Background information
- Also known as: Cills, Logic, Street Price
- Born: June 8, 1981 (age 45) San Francisco, California, United States
- Genres: Rock, blues rock
- Occupations: Musician, songwriter, producer
- Instruments: Vocals, guitar
- Years active: 2010–present
- Website: hannielkhatib.com

= Hanni El Khatib =

American singer-songwriter (born 1981)

Hanni El Khatib (born June 8, 1981) is an American singer-songwriter, and multi-instrumentalist, and producer. He is also the visual director and co-owner of Los Angeles–based independent record label Innovative Leisure. His 2013 sophomore full-length Head in the Dirt was produced by the Black Keys' Dan Auerbach. His album Moonlight was released on January 20, 2015. He was described by The Guardian as a "former skate-punk raised on vintage rock and R&B [who] is keeping the spirit of 76 alive with his primal raunch 'n' roll."

==Biography==
Hanni El Khatib, a first-generation American, was raised in San Francisco, California, by a Palestinian father and a Filipino mother. He grew up skateboarding and listening to 60s soul, surf music, doo-wop and British invasion bands like the Beatles and the Zombies. He took piano lessons as a child and learned to play the guitar between age 11 and 12. He attended art school but dropped out before graduating.

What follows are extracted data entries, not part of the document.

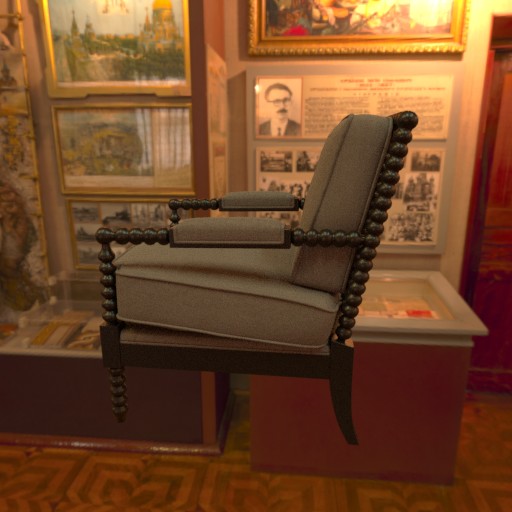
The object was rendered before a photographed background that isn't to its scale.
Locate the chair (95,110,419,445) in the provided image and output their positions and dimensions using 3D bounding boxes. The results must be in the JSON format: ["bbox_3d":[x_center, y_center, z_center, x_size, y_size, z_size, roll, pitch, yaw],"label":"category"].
[{"bbox_3d":[0.000,0.000,1.099,0.622,0.661,0.540,2,15,7],"label":"chair"}]
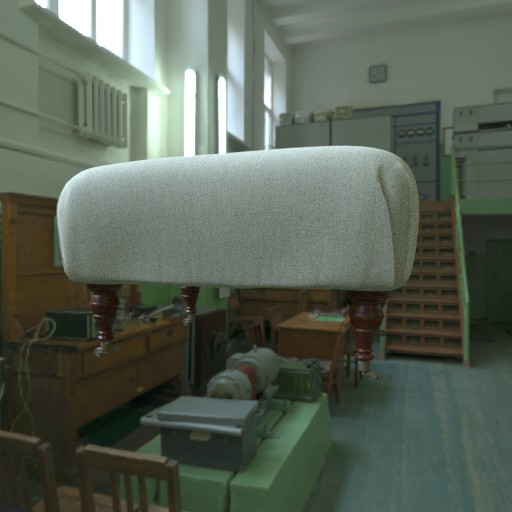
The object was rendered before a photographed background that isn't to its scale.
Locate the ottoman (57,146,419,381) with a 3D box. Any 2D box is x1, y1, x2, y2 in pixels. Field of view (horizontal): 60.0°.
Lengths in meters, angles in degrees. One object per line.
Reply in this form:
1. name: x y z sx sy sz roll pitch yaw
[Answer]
1. ottoman: 0.000 0.000 1.102 0.747 0.450 0.622 0 1 18
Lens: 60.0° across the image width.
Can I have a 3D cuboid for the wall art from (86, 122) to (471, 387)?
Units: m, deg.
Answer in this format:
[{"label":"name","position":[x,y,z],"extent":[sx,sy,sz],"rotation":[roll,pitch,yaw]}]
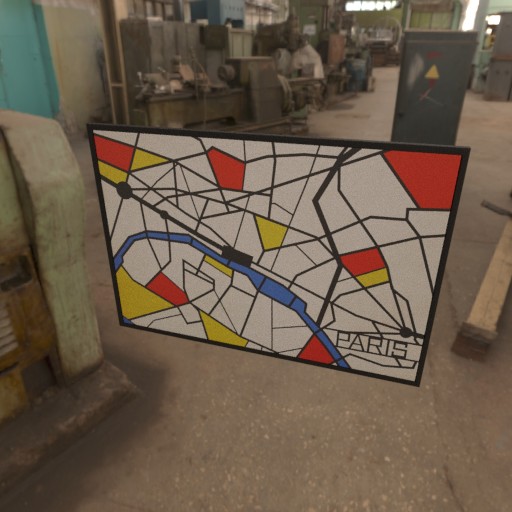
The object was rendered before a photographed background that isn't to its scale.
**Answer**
[{"label":"wall art","position":[0.000,0.000,0.847],"extent":[0.664,0.458,0.013],"rotation":[8,28,16]}]
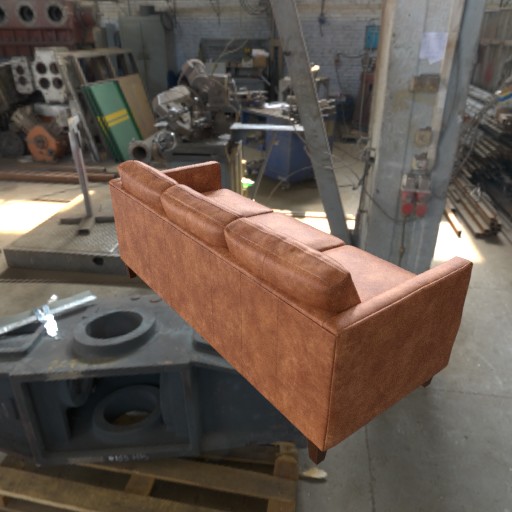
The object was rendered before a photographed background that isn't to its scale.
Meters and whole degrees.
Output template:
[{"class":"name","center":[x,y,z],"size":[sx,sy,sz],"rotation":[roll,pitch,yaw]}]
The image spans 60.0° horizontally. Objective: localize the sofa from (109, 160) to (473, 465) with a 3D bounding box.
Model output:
[{"class":"sofa","center":[0.000,0.000,2.971],"size":[1.045,1.006,2.464],"rotation":[-19,32,-32]}]
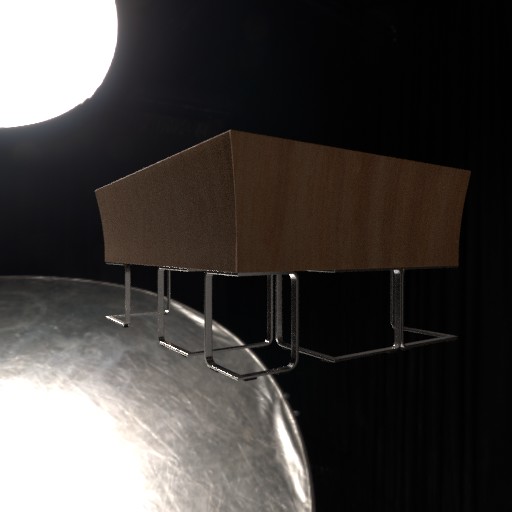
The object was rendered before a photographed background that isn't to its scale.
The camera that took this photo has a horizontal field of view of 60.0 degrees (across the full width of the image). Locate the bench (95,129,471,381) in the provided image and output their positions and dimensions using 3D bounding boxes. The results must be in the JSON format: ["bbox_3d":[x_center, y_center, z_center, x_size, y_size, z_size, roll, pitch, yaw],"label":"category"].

While employed as creative director for streetwear label HUF, he recorded himself singing and playing acoustic guitar as a hobby. He spent a year recording his songs with electric guitar and drums at the suggestion of friend and studio engineer Marc Bianchi of Her Space Holiday. After participating in a 2009 art show in San Francisco, he began circulating a homemade CDR of his music, one of which he gave to Innovative Leisure label co-founder Jamie Strong.

== Musical career ==
He was signed to Innovative Leisure in 2010. His debut was the 7" vinyl single "Dead Wrong," released on September 21, 2010, backed with a cover of the 1931 song "You Rascal You" most famously recorded by Louis Armstrong. His second 7" vinyl single "Build. Destroy. Rebuild." b/w "Loved One" was released on November 3, 2010. During this time, he would perform live and begin touring extensively, including a tour with Florence and the Machine, as a duo with drummer and longtime friend Nicky Fleming-Yaryan. He quickly developed a substantial audience.

His debut album, Will the Guns Come Out, was released on Innovative Leisure on September 27, 2011. It was described by the Los Angeles Times as "a taut, muscular collection of rock ‘n’ roll" and by The Guardian as "if Joe Strummer came back as an angry young Filipino-Palestinian American." Much of this record consisted of the tracks recorded with Bianchi.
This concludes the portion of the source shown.